* [RECORD EXCERPTS]:
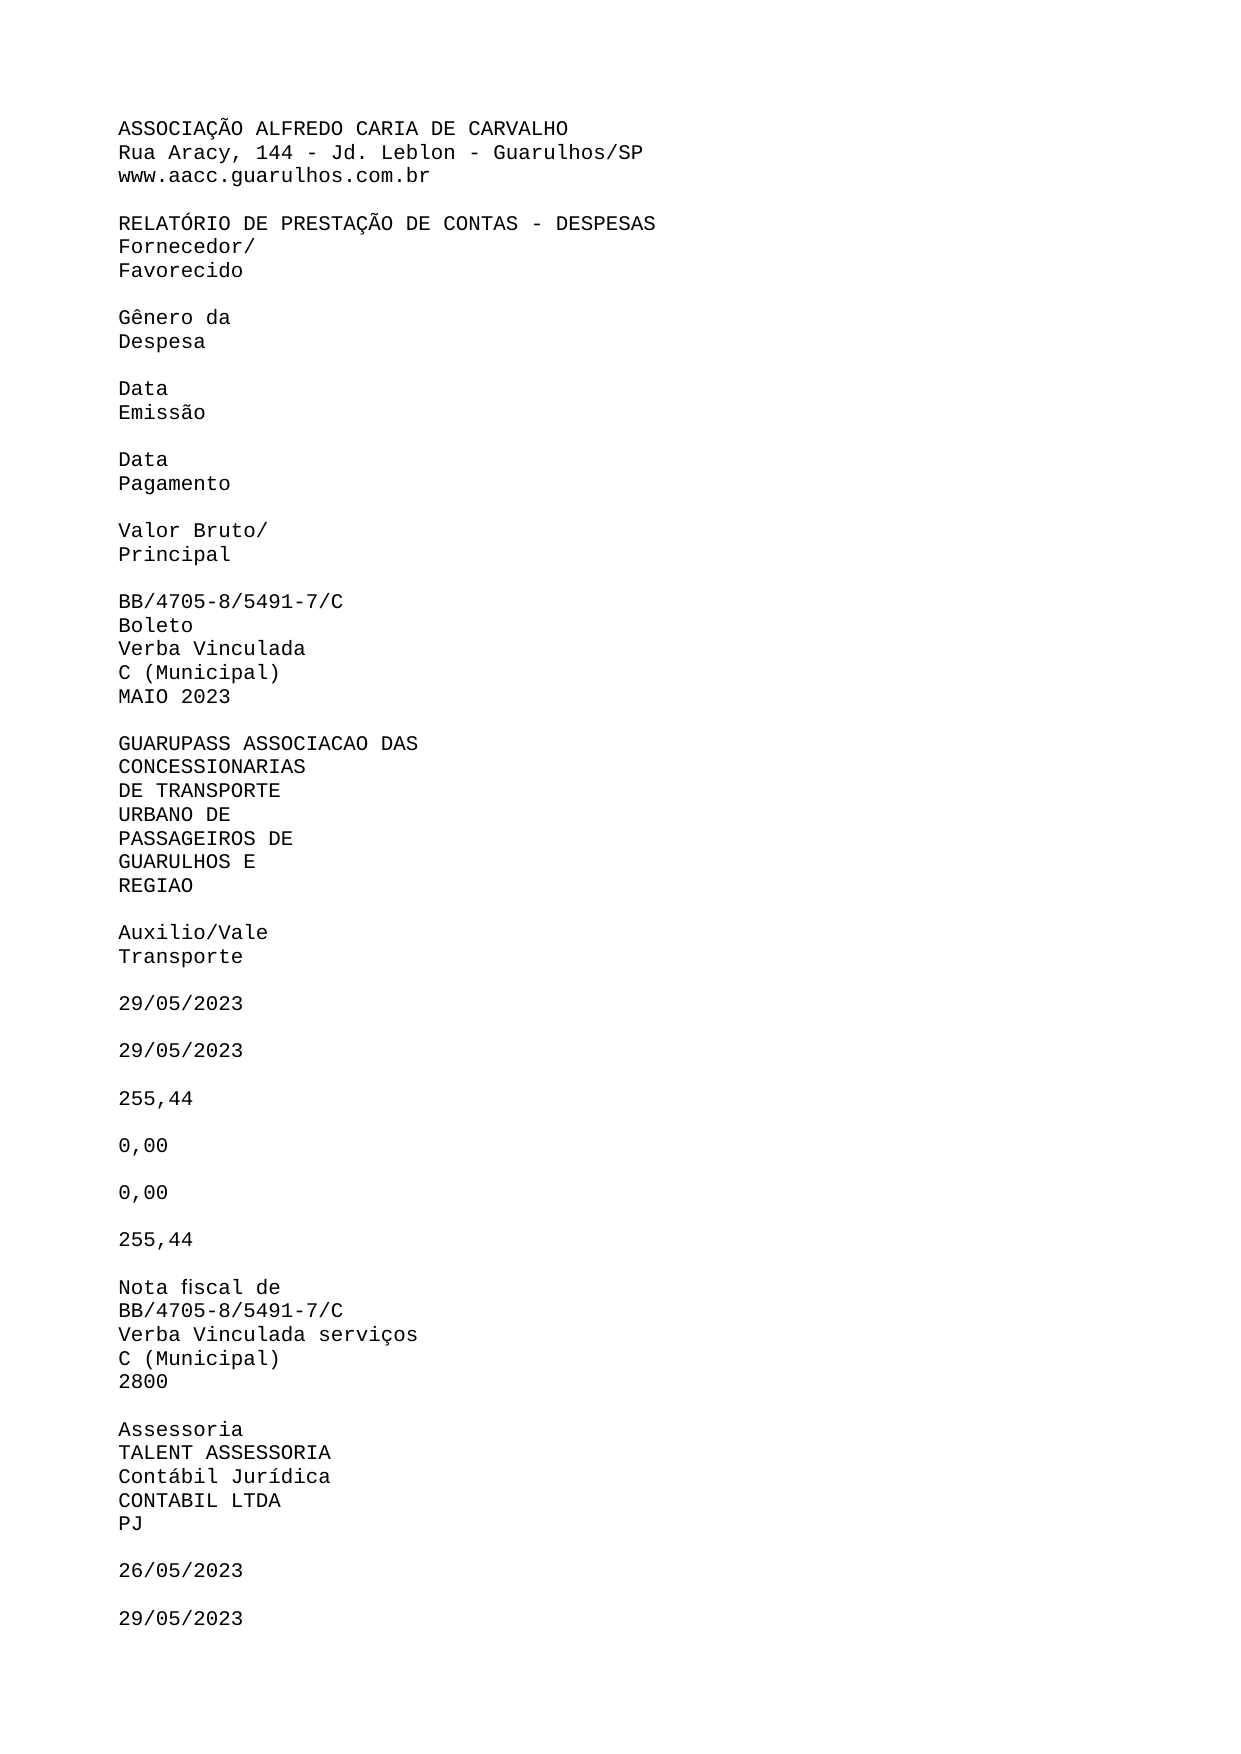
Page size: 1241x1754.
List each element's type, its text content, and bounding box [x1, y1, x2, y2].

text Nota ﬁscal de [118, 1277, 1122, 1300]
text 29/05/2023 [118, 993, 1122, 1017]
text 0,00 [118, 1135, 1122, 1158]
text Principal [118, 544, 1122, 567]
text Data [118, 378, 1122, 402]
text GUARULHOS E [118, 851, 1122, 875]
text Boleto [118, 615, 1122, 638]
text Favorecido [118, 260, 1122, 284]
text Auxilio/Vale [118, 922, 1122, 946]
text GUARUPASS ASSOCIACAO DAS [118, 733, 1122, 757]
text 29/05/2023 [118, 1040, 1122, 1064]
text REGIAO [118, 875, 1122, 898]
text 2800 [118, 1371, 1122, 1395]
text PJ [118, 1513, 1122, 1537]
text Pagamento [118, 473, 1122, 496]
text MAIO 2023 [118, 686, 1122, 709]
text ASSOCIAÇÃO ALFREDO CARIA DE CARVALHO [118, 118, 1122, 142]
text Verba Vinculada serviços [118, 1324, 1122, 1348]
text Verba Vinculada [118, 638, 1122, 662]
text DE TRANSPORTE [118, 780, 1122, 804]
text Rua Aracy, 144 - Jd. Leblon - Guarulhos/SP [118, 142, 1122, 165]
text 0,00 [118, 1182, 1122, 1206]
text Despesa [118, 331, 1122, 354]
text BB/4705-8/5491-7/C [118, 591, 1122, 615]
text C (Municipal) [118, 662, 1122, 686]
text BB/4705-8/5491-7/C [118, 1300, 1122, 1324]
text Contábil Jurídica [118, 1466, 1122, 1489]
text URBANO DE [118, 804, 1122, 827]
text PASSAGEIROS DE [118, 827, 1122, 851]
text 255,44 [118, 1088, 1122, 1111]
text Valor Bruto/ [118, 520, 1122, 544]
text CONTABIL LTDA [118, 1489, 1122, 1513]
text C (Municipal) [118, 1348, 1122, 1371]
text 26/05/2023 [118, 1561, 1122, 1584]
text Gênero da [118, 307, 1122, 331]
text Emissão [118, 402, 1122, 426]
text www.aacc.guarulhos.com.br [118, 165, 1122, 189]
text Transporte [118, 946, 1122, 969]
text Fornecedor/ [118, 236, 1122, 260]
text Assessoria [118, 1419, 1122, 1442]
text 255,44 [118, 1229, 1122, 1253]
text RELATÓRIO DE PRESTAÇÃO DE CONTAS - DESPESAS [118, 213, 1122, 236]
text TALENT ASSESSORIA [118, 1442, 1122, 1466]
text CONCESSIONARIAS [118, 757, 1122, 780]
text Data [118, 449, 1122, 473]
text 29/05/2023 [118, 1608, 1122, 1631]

* [EXERCISE DIRECTIONS]:
Give back all entries exactly. No pictures belong in the copy.

* [RESPONSE AREA]:
Page size: 1241x1754.
List each element's type, its text content, and bounding box [x1, y1, x2, y2].

text Nota ﬁscal de [118, 1277, 1122, 1300]
text 29/05/2023 [118, 993, 1122, 1017]
text 0,00 [118, 1135, 1122, 1158]
text Principal [118, 544, 1122, 567]
text Data [118, 378, 1122, 402]
text GUARULHOS E [118, 851, 1122, 875]
text Boleto [118, 615, 1122, 638]
text Favorecido [118, 260, 1122, 284]
text Auxilio/Vale [118, 922, 1122, 946]
text GUARUPASS ASSOCIACAO DAS [118, 733, 1122, 757]
text 29/05/2023 [118, 1040, 1122, 1064]
text REGIAO [118, 875, 1122, 898]
text 2800 [118, 1371, 1122, 1395]
text PJ [118, 1513, 1122, 1537]
text Pagamento [118, 473, 1122, 496]
text MAIO 2023 [118, 686, 1122, 709]
text ASSOCIAÇÃO ALFREDO CARIA DE CARVALHO [118, 118, 1122, 142]
text Verba Vinculada serviços [118, 1324, 1122, 1348]
text Verba Vinculada [118, 638, 1122, 662]
text DE TRANSPORTE [118, 780, 1122, 804]
text Rua Aracy, 144 - Jd. Leblon - Guarulhos/SP [118, 142, 1122, 165]
text 0,00 [118, 1182, 1122, 1206]
text Despesa [118, 331, 1122, 354]
text BB/4705-8/5491-7/C [118, 591, 1122, 615]
text C (Municipal) [118, 662, 1122, 686]
text BB/4705-8/5491-7/C [118, 1300, 1122, 1324]
text Contábil Jurídica [118, 1466, 1122, 1489]
text URBANO DE [118, 804, 1122, 827]
text PASSAGEIROS DE [118, 827, 1122, 851]
text 255,44 [118, 1088, 1122, 1111]
text Valor Bruto/ [118, 520, 1122, 544]
text CONTABIL LTDA [118, 1489, 1122, 1513]
text C (Municipal) [118, 1348, 1122, 1371]
text 26/05/2023 [118, 1561, 1122, 1584]
text Gênero da [118, 307, 1122, 331]
text Emissão [118, 402, 1122, 426]
text www.aacc.guarulhos.com.br [118, 165, 1122, 189]
text Transporte [118, 946, 1122, 969]
text Fornecedor/ [118, 236, 1122, 260]
text Assessoria [118, 1419, 1122, 1442]
text 255,44 [118, 1229, 1122, 1253]
text RELATÓRIO DE PRESTAÇÃO DE CONTAS - DESPESAS [118, 213, 1122, 236]
text TALENT ASSESSORIA [118, 1442, 1122, 1466]
text CONCESSIONARIAS [118, 757, 1122, 780]
text Data [118, 449, 1122, 473]
text 29/05/2023 [118, 1608, 1122, 1631]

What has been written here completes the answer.